De nouvelles innovations anti-incendie en développement

Dans la gamme Serge Ferrari, le produit baptisé Soltis Safe SK20 fournit un autre exemple d'application récente dans le domaine de l'incombustibilité. Utilisé dans l'univers des établissements publics, il peut s'adapter à des stores sur les verrières ou bien à des stores sur les vitrages. Là encore, les réglementations deviennent très rigoureuses et la non combustibilité est requise. Les équipes R&D de Serge Ferrari ont donc imaginé un produit très léger, enroulable, avec des performances thermiques très élevées et qui est ajouré. « On peut voir à travers, tout en ayant une fonction de protection solaire », précise Philippe Espiard.
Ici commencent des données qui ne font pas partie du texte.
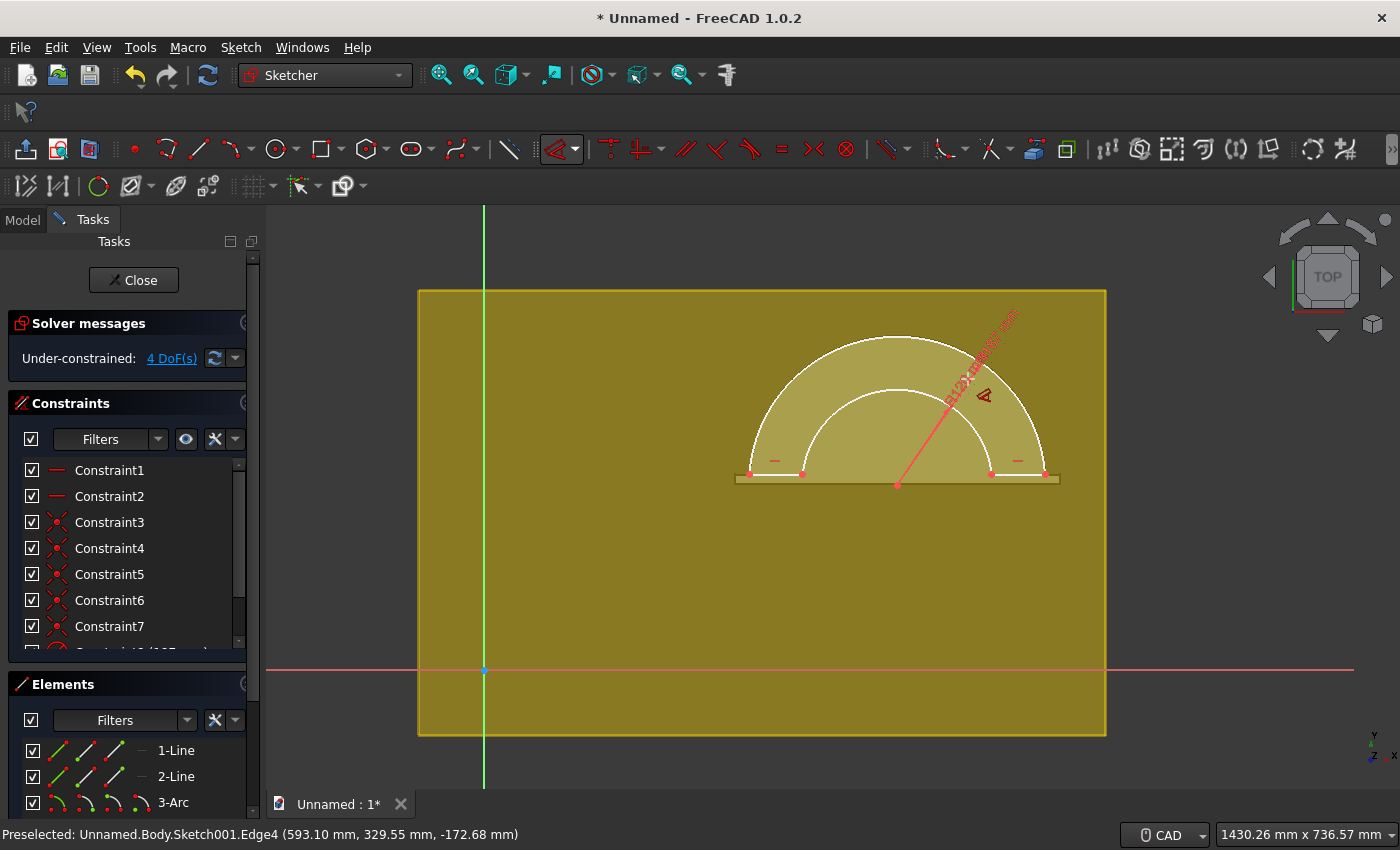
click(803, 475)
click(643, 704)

La solution Soltis Safe SK20 déployée dans un aéroport

Enfin, pour le marché de l'architecture tendue et des structures modulaires, Serge Ferrari est en train de développer une membrane qui sera commercialisée fin 2019. Elle sera constituée d'une enduction polymérique avec une armature en fibre de verre tissée et c'est la conjonction de ces deux briques technologiques qui permettra d'obtenir un produit souple, avec une excellente résistance mécanique et une réelle non combustibilité. Baptisée Flexlight Shield, elle répond aux exigences de plus en plus élevées de certains pays en matière de résistance et réaction au feu. Son tissage non combustible permet en effet à la structure de rester en place et protège l'intérieur de la tente en faisant barrage aux résidus feu, braises et autres, projetés sur le toit ou sur les parois. Répondant aux normes les plus drastiques en vigueur au Japon, en Corée ou aux États-Unis, Flexlight Shield devance, pour le marché européen, les normes plus sévères qui vont être exigées dans les années à venir.
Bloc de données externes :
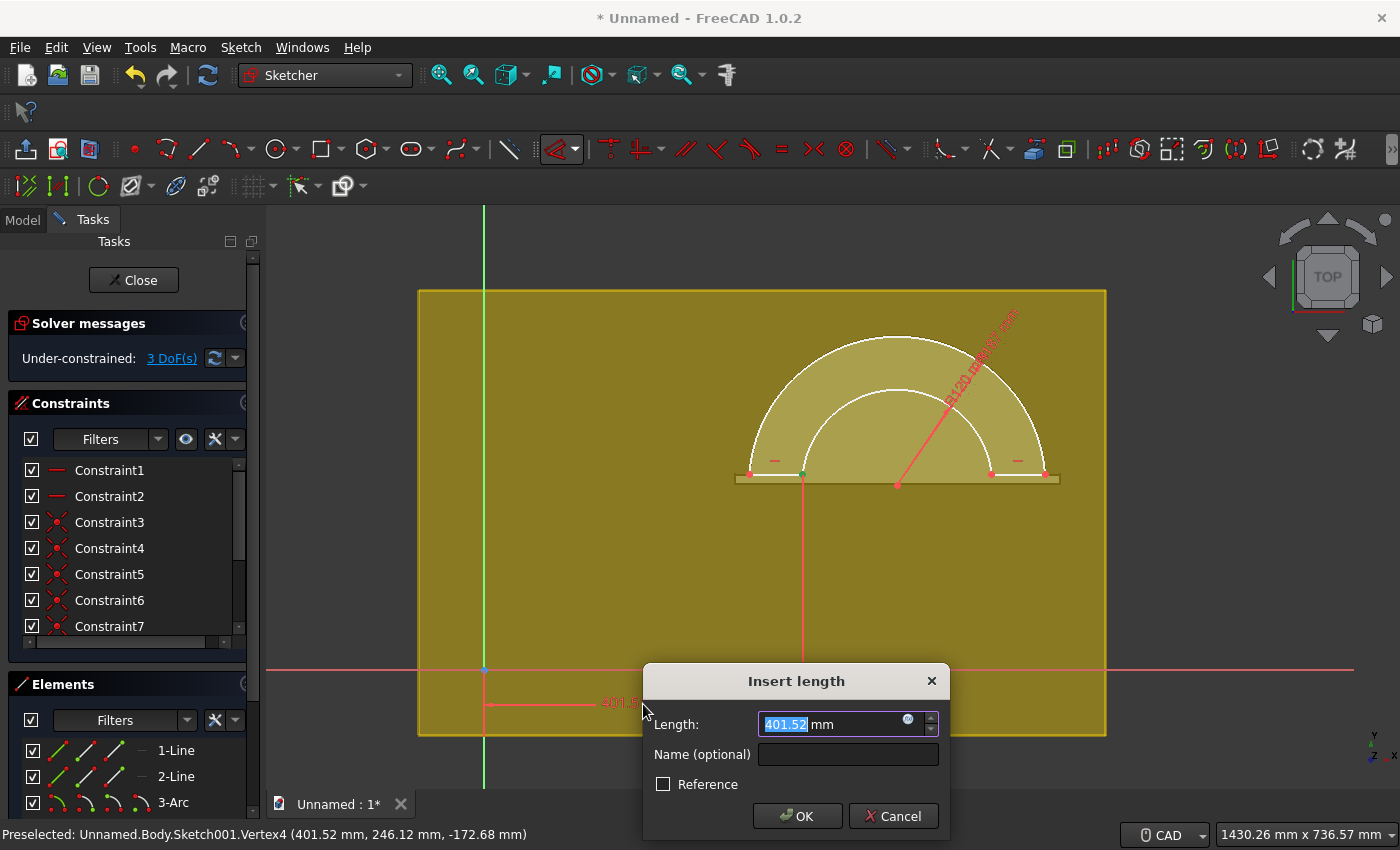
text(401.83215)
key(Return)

Un service R&D redimensionné​

Désormais dirigé par Philippe Espiard, le service R&D de Serge Ferrari réunit une quarantaine d'experts (ingénieurs, docteurs ingénieurs) répartis entre les trois centres de recherche de La Tour-du-Pin, en France, Emmenbrücke et Eglisau, en Suisse. La diversité de leurs profils scientifiques et de leurs compétences (chimie, physico-chimie, mécanique, matériaux composites…) favorise des échanges très riches pour relever les défis lancés par les clients et anticiper leurs besoins. Les équipes de R&D assurent également une veille technologique et participent à des projets collaboratifs. Plusieurs dizaines de projets de ce type sont en cours.

Les investissements en matière de R&D (4,5 % du chiffre d'affaires) font partie intégrante du plan de développement du groupe, engagé dans l'innovation depuis sa création. En 2018, six nouveaux brevets ont été déposés. Le groupe Serge Ferrari détient en pleine propriété un portefeuille de plus de quarante brevets, dont près de vingt sont exploités aujourd'hui. La nature des brevets du Groupe est très variée puisqu'elle recouvre à la fois :

- les nouveaux produits ;

- les procédés industriels de fabrication des matériaux ;

- la formulation des composites ;

- les systèmes et technologies liées à l'utilisation des matériaux ;

- les accessoires associés aux ventes de matériaux.